ABOUT THIS TASK
Search the entries for the word "Numbers" and copy each line that has it.

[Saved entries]
# # # # #
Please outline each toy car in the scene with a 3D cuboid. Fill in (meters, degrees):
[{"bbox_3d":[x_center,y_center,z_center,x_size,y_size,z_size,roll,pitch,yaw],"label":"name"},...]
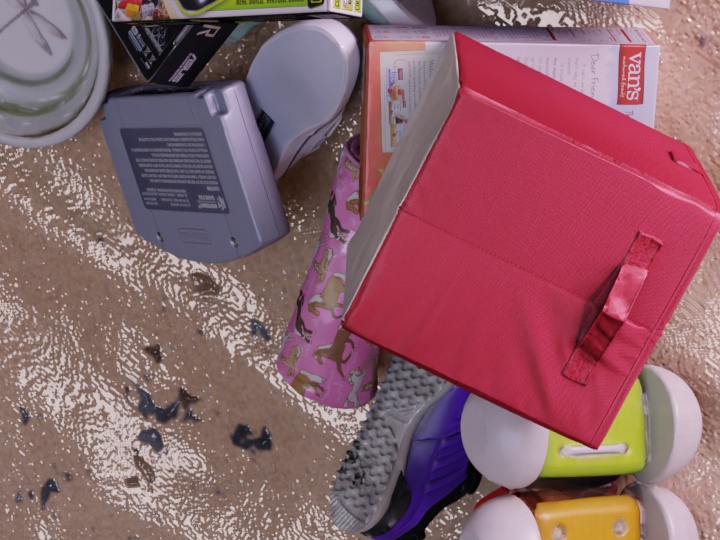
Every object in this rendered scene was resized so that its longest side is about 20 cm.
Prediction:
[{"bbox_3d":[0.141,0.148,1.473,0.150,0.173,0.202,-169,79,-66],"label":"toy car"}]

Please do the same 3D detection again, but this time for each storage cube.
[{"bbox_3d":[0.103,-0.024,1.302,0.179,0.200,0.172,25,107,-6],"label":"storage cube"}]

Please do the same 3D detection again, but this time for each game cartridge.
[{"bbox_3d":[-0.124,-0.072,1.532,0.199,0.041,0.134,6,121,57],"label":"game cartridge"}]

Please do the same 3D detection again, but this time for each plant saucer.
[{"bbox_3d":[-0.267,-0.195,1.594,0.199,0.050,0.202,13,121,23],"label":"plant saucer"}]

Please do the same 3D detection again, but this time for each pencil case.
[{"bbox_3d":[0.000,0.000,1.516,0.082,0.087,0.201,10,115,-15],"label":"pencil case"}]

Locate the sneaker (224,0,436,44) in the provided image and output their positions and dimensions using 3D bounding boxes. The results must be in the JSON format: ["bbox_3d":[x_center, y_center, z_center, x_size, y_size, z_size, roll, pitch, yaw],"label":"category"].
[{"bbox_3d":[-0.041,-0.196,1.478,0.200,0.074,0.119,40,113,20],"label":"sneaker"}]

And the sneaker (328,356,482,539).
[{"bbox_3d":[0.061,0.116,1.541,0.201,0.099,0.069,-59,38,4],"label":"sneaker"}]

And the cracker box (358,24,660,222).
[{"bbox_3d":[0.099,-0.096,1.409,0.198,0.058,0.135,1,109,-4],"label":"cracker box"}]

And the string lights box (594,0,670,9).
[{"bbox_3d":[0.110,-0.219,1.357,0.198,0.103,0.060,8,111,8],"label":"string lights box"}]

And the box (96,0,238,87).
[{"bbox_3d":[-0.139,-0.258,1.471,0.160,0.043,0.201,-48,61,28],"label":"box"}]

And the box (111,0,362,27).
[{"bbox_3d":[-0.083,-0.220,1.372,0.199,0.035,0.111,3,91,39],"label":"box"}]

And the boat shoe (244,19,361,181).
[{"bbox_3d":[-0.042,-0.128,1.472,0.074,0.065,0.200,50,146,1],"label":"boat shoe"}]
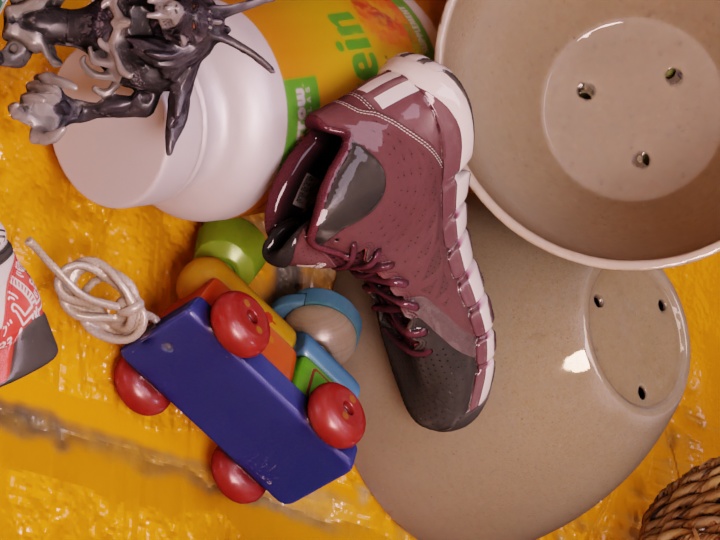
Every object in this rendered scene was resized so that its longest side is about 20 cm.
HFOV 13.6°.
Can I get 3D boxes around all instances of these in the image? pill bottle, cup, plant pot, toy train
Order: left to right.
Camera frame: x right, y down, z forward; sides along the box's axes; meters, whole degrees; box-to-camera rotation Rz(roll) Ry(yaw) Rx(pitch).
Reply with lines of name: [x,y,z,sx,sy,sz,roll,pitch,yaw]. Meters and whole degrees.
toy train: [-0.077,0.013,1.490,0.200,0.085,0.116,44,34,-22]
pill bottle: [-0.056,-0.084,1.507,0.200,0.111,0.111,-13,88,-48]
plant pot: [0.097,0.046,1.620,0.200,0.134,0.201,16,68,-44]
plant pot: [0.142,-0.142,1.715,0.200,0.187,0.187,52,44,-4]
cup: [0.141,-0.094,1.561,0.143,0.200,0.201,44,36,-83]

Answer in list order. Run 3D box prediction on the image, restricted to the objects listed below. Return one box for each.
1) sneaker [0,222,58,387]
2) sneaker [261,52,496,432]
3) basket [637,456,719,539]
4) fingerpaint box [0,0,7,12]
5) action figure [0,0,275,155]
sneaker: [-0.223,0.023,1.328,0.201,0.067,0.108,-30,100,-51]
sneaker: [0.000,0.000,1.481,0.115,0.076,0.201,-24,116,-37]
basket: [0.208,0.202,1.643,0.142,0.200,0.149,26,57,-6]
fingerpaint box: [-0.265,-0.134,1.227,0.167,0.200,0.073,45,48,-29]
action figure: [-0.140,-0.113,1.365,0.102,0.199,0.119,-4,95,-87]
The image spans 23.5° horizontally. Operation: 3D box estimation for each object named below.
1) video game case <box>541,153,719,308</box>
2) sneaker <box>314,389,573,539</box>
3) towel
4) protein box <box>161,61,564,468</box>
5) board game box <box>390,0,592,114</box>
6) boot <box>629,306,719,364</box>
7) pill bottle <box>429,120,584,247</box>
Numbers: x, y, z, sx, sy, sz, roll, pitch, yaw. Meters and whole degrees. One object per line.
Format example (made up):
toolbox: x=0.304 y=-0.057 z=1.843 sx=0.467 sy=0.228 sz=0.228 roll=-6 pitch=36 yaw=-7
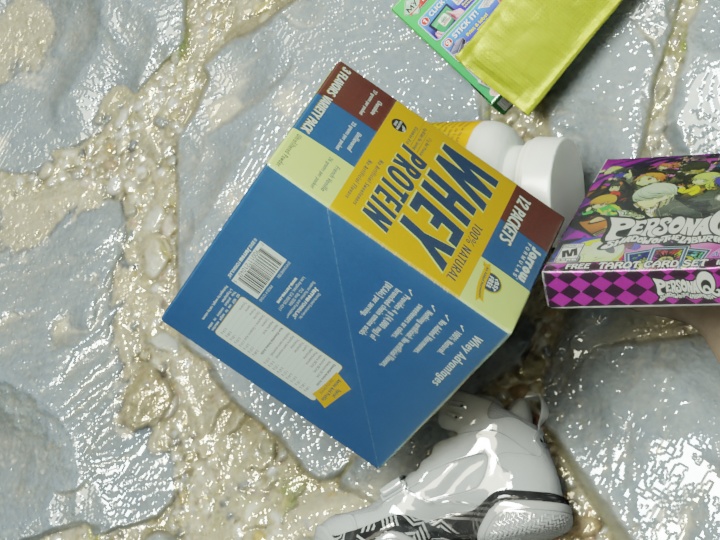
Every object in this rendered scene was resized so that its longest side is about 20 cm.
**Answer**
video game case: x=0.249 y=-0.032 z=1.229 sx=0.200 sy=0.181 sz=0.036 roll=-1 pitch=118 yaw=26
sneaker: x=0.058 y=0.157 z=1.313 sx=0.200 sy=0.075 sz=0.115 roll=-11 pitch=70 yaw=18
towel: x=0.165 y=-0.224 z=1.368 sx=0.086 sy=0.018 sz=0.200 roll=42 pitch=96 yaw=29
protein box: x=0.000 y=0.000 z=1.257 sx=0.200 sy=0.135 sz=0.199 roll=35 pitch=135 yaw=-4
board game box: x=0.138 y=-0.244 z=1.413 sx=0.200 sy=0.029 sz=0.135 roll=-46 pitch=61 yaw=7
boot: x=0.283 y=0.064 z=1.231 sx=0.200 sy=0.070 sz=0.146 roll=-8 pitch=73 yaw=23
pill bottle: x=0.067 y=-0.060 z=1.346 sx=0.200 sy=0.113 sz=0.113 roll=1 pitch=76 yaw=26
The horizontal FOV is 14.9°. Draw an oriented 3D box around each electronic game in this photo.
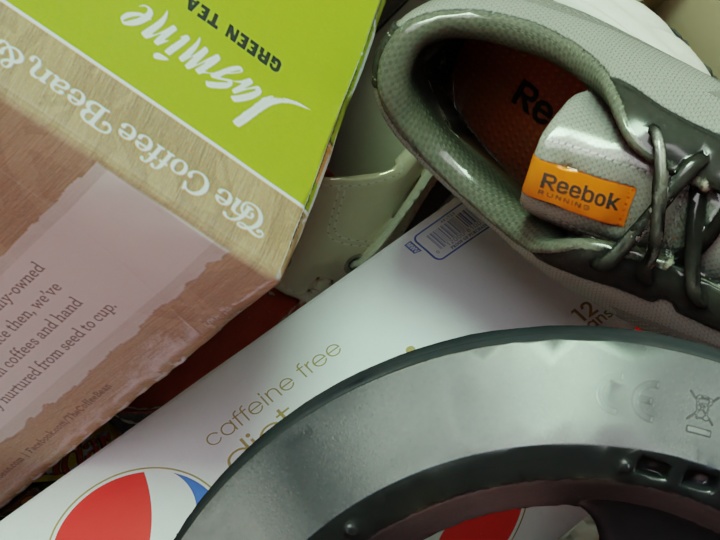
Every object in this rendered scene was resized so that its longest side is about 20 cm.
# # # # #
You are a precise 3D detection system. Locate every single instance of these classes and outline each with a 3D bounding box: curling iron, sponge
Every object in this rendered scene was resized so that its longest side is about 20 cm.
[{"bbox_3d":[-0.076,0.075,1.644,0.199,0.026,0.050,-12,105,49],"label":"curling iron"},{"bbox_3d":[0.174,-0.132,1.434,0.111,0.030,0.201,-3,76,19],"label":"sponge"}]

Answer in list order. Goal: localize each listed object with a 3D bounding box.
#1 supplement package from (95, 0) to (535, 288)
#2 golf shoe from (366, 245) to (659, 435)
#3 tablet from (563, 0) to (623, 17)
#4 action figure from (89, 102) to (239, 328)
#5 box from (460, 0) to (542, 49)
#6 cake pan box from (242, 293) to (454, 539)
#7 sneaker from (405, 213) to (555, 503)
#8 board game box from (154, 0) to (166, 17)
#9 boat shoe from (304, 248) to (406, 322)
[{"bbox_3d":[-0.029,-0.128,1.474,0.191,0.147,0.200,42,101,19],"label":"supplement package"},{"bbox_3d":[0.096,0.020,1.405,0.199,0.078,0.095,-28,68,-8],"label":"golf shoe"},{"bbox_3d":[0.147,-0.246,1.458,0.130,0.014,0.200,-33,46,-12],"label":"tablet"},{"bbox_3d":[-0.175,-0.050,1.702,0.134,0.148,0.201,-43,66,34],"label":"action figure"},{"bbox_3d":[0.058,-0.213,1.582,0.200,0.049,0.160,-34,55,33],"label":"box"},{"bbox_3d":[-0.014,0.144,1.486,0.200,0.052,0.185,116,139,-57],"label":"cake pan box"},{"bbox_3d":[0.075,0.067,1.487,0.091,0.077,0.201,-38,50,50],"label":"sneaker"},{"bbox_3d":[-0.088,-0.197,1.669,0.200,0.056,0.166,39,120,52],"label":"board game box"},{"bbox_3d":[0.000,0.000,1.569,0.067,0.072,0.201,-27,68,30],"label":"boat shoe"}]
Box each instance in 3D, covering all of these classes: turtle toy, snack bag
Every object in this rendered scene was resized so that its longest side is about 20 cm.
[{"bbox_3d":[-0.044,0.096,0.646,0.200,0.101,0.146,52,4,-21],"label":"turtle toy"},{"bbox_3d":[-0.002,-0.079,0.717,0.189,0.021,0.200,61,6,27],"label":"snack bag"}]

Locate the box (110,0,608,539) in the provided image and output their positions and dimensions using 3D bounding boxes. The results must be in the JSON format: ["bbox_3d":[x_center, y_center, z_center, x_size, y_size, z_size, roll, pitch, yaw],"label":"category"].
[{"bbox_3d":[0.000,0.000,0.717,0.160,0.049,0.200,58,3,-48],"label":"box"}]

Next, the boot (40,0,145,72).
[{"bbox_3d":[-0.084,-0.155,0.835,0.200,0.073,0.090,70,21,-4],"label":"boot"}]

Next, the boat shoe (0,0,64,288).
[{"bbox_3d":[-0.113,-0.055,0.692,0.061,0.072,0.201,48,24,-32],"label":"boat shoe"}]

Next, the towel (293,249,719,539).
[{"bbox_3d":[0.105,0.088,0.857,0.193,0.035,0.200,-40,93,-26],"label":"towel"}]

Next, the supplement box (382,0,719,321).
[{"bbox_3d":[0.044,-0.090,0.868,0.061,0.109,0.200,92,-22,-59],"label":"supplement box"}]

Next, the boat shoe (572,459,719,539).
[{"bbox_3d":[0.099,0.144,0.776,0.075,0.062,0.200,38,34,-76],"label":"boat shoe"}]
# # # # #
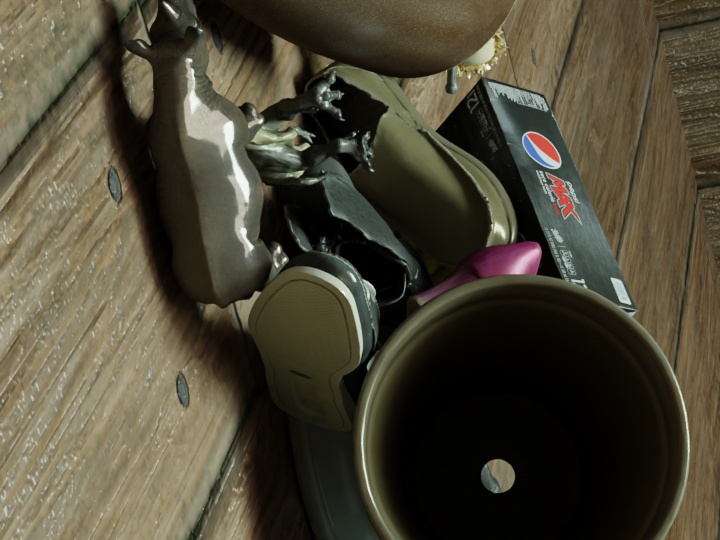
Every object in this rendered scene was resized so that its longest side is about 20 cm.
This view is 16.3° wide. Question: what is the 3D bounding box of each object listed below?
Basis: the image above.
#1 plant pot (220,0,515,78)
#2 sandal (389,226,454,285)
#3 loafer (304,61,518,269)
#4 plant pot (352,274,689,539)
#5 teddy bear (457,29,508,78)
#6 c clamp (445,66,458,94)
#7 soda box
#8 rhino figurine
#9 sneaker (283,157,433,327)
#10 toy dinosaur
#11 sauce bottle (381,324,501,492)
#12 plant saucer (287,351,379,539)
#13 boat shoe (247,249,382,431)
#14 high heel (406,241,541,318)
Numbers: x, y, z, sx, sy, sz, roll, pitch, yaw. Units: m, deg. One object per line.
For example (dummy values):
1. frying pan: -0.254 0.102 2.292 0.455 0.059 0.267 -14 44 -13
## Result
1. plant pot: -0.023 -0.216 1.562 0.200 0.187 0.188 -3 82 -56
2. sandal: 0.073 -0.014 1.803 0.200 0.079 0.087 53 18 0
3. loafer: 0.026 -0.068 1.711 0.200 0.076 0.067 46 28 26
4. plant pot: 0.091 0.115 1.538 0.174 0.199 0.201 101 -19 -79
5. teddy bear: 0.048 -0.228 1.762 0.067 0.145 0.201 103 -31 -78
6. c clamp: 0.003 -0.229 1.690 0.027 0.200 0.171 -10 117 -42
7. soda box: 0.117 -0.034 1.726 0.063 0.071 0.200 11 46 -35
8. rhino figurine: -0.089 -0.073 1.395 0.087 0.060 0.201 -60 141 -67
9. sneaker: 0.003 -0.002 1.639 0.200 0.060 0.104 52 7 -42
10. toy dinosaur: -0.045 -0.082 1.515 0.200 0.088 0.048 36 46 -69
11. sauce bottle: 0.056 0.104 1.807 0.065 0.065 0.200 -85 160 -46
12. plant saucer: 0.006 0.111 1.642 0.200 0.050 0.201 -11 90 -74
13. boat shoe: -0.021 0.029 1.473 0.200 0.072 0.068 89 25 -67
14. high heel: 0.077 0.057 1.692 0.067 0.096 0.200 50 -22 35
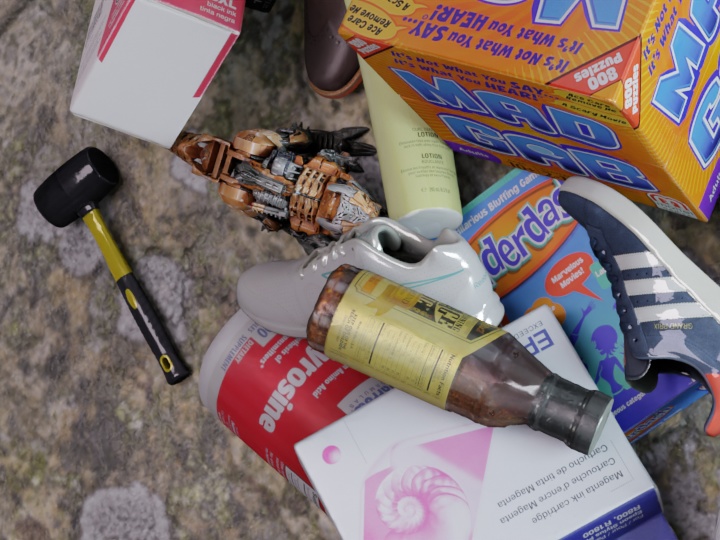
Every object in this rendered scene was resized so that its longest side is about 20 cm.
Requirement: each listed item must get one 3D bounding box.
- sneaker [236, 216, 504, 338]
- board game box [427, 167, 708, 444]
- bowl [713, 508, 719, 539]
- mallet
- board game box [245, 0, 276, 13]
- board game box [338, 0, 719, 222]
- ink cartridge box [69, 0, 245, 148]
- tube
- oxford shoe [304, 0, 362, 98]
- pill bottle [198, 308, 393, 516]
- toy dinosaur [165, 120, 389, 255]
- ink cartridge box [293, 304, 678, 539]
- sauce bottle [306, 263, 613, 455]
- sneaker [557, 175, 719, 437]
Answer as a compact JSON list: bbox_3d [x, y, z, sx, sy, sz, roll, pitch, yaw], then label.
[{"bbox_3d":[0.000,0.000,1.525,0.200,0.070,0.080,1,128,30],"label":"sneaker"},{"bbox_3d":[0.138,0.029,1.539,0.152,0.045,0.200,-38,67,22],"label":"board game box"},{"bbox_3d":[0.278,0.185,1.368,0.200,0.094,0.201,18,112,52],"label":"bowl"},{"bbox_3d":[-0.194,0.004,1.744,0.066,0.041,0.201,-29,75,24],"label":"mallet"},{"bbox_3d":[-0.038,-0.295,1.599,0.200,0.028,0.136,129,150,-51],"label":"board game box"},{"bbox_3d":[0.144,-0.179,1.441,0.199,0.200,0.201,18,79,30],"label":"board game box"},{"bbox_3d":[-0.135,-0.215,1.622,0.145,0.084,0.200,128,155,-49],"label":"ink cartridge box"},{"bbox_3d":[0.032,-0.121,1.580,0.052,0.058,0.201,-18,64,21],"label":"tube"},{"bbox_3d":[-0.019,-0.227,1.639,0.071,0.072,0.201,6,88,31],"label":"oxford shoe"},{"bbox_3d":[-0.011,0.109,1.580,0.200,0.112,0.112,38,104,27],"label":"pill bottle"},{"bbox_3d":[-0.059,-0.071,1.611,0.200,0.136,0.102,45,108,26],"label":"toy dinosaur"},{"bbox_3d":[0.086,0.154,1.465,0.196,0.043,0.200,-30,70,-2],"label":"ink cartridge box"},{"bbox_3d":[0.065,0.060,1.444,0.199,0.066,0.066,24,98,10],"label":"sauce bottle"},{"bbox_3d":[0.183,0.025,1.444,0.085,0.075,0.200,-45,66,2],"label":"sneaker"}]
# # # # #
WRITTEN SOLUTION
Numbers: x, y, z, sx, sy, sz, roll, pitch, yaw. Meters and whole degrees. One object per line.
Numbers: x, y, z, sx, sy, sz, roll, pitch, yaw. Units: m, deg. One object per line.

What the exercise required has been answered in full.